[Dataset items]

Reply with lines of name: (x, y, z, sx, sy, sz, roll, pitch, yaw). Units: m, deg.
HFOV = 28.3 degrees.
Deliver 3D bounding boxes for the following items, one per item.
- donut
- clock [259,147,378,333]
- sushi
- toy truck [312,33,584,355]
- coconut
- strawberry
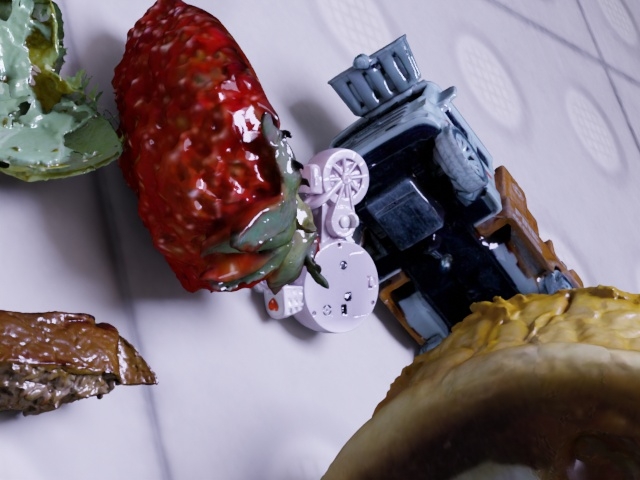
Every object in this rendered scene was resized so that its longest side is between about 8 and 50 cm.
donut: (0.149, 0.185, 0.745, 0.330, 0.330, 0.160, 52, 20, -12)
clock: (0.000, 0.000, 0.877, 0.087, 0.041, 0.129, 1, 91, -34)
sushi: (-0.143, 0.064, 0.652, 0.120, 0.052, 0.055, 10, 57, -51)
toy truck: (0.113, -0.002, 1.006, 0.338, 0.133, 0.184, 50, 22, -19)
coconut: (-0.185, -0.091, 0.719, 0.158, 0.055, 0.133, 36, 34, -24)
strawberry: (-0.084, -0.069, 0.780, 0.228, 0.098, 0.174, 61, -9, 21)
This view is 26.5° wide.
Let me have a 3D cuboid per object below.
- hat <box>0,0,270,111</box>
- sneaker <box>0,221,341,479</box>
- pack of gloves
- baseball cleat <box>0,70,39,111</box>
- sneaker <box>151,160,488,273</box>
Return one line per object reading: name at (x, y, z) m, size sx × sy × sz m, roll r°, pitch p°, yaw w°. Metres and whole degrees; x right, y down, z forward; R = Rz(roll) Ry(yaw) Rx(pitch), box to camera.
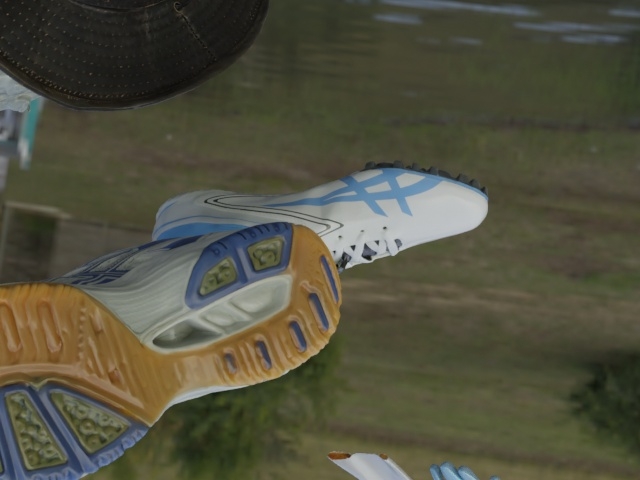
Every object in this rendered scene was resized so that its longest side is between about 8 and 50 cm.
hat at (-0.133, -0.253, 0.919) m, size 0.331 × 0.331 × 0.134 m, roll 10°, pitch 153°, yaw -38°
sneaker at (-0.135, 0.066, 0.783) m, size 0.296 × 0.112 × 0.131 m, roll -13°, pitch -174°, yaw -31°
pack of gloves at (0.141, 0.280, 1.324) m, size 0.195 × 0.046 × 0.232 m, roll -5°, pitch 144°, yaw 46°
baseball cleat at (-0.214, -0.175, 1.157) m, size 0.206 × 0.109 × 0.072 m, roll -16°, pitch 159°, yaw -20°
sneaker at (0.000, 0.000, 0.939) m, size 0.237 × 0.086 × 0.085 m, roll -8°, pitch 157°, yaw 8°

__EXERCISE DIRECTIONS__
Word for word, restate the lines of the data above that fall between the line holding "This view is 26.5° wide." and the line holding "Return one line", inclusive, and no other lines.

__THE COMPLETED TASK__
This view is 26.5° wide.
Let me have a 3D cuboid per object below.
- hat <box>0,0,270,111</box>
- sneaker <box>0,221,341,479</box>
- pack of gloves
- baseball cleat <box>0,70,39,111</box>
- sneaker <box>151,160,488,273</box>
Return one line per object reading: name at (x, y, z) m, size sx × sy × sz m, roll r°, pitch p°, yaw w°. Metres and whole degrees; x right, y down, z forward; R = Rz(roll) Ry(yaw) Rx(pitch), box to camera.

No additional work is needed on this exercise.